As he took Laura toward the door, another auto pulled up behind his: a flivver even more spavined than his Bucephalus. The woman who got out was as extremely pregnant as Laura. Her husband said, "They can't pick two in the afternoon to do this, eh?"

"Doesn't seem that way," Moss agreed.

Nurses took the two women off to the maternity ward. Moss and the other man stayed behind to cope with the inevitable paperwork. After they'd dotted the last i and crossed the last t, another nurse guided them to the waiting room, which boasted a fine selection of magazines from 1931. Moss sat down on a chair, the other fellow on the leatherette sofa. They both reached for cigarettes, noticed the big, red NO SMOKING! FIRE HAZARD! signs at the same time, and put their packs away with identical sighs.

"Nothing to do but wait," the other man said. He was in his mid-twenties-too young to have fought in the Great War. More and more men these days were too young to have fought in the war. Moss felt time marching on him-felt it all the more acutely because so many of his contemporaries had gone off to fight but hadn't come home again.

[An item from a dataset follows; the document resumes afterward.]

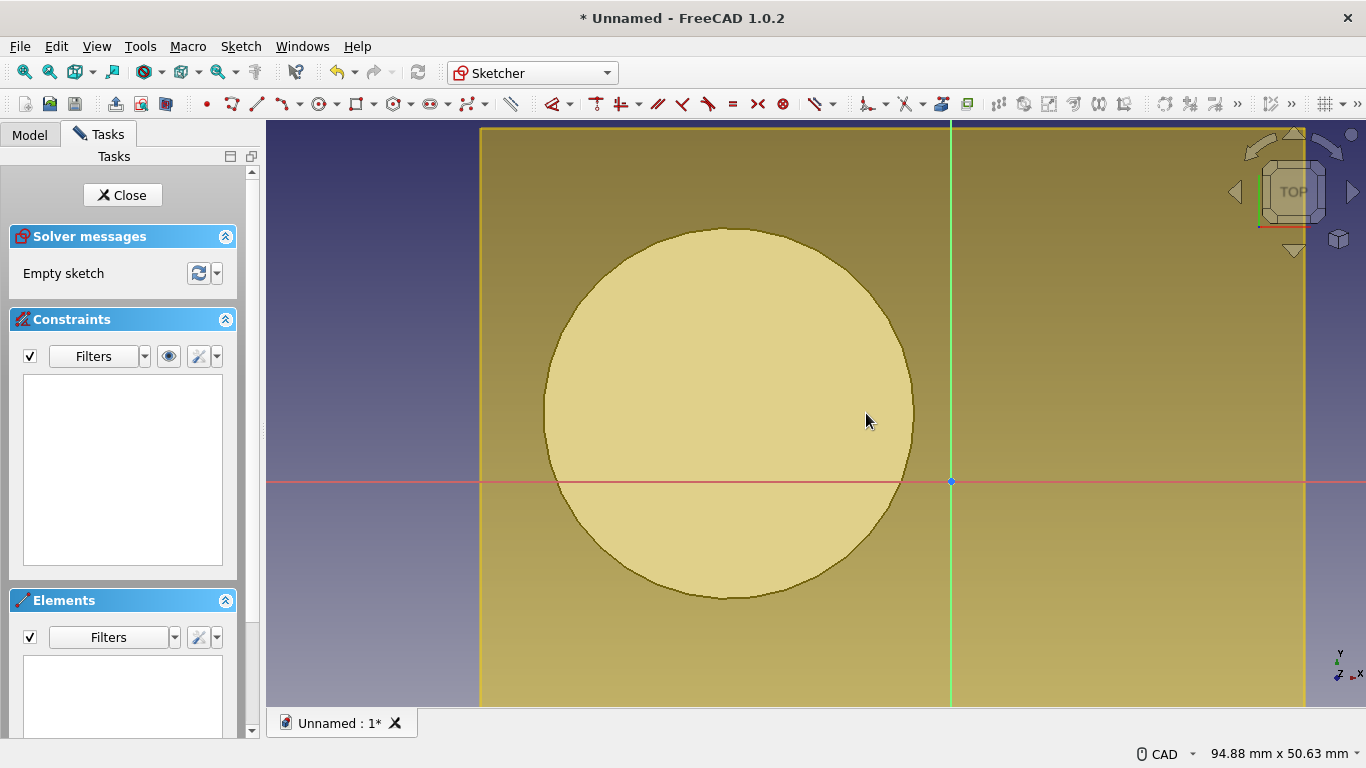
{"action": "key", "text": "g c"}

Nodding now, he said, "I wonder how long it'll be."

"You never can tell," his companion said. "Our first one took forever, but the second one came pretty quick."

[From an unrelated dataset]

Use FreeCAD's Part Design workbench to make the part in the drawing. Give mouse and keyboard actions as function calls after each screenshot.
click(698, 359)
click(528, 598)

"This is our first one," Moss said.

"Congratulations," the other man said.

"Thanks." Moss yawned enormously. "I wish they had a coffeepot in here." Then he looked at the NO SMOKING! FIRE HAZARD! signs again. "Well, maybe not, not unless you want cold coffee."

"I wonder why it's a fire hazard," the Canadian said.

"Ether, maybe," Moss answered, remembering what Laura had said just before they got to the hospital. He sniffed. All he smelled was a hospital odor: strong soap, disinfectant, and a faintest hint of something nasty underneath.